Order M	ℏ optimum	Error $E_M$	$W_M^{\prime }\left(0^{+}\right)$	${\alpha }_M$	$I_M$
8	0.2643960987	0.001094055946	−1.044673189	1.13628	2.001854527
10	0.6058643104	0.001379775954	−1.045096267	1.41501	2.001837876
12	0.1810971670	0.001223653884	−0.9419726231	1.14019	2.003916570
15	0.4097508998	0.0008456267111	−0.9450279818	1.43047	2.003661605
17	0.1300017376	0.001306487514	−0.946835635	1.14271	2.003498190
22	−1.024664469	2.074067836$\times {10}^{-8}$	−1.045894174	0.969545	2.001801420
25	−0.9036690081	2.258940949$\times {10}^{-8}$	−0.9520986085	0.969552	2.003014430

Table 4. $W_M^{\prime }\left(0^{+}\right),a_M,I_M$ and corresponding errors for $b=7,ϵ=1/10$ and the optimum ℏ.

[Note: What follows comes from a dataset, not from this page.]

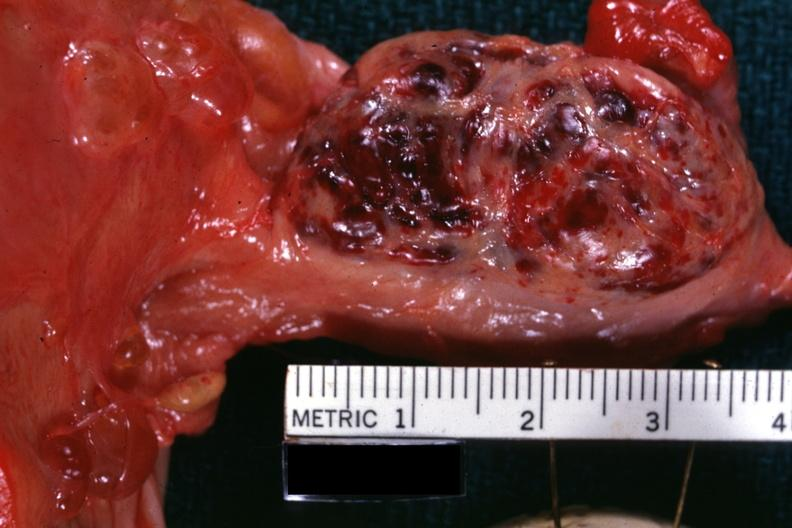s pulmonary osteoarthropathy present?
Answer the question using a single word or phrase. No 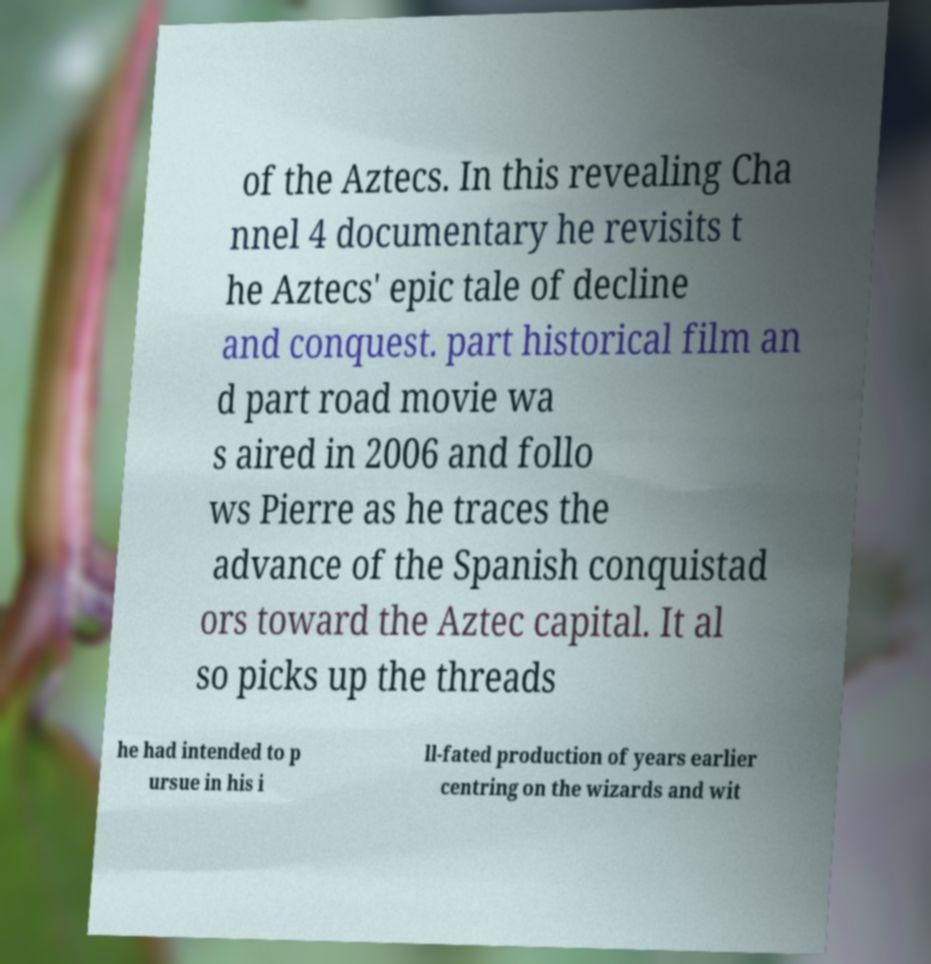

Order M	ℏ optimum	Error $E_M$	$W_M^{\prime }\left(0^{+}\right)$	${\alpha }_M$	$I_M$
8	0.363427489	0.001228857332	−1.035050491	0.982103	2.001473782
10	0.2971040509	0.001328117791	−1.035411545	0.983408	2.001456406
12	0.6007517097	0.004309264124	−1.035612117	0.971101	2.001444318
15	0.2043253458	0.001472465928	−1.035780877	1.001360	2.001431777
17	0.1816863830	0.001508201948	−1.035849219	0.993373	2.001425705
20	0.3871955685	0.0009707760879	−0.9809711265	0.985117	2.001547175
22	0.3510259272	0.0007746105176	−0.9816103837	0.981237	2.001483956
25	0.3072731873	0.0006458985424	−0.9824790221	0.976949	2.00001

4. Conclusions

In this paper, the HAM was applied in order to analytically obtain several approximations of the peakon solutions to the b-Novikov Equation (1(1) $u_t-u_{xxt}=u^2{u}_{xxx}+bu{u}_x{u}_{xx}-(b+1)u^2{u}_x,u=u(x,t),$(1) ). Four values of b were taken into consideration, including b = 3 which corresponds to the well known Novikov equation. The obtained results are in excellent agreement with the exact ones.

This work complements earlier works of [20,21], where peakon solutions were studied in a similar way for the Degasperis-Processi and Camassa-Holm equations, which include quadratic nonlinearities. Since (1(1) $u_t-u_{xxt}=u^2{u}_{xxx}+bu{u}_x{u}_{xx}-(b+1)u^2{u}_x,u=u(x,t),$(1) ) is a special case of the more general Equation (3(3) $u_t-u_{xxt}=u^k{u}_{xxx}+b{u}^{k-1}{u}_x{u}_{xx}-(b+1)u^k{u}_x,u=u(x,t),$(3) ), HAM provides an excellent tool for further investigation of peakon solutions to not only (3(3) $u_t-u_{xxt}=u^k{u}_{xxx}+b{u}^{k-1}{u}_x{u}_{xx}-(b+1)u^k{u}_x,u=u(x,t),$(3) ), but also to other nonlinear PDEs.

Acknowledgments

The authors would like to thank the reviewers for their valuable comments which improved the presentation of the paper and also strengthened the reported findings.

Disclosure statement

The authors report that there are no competing interests to declare.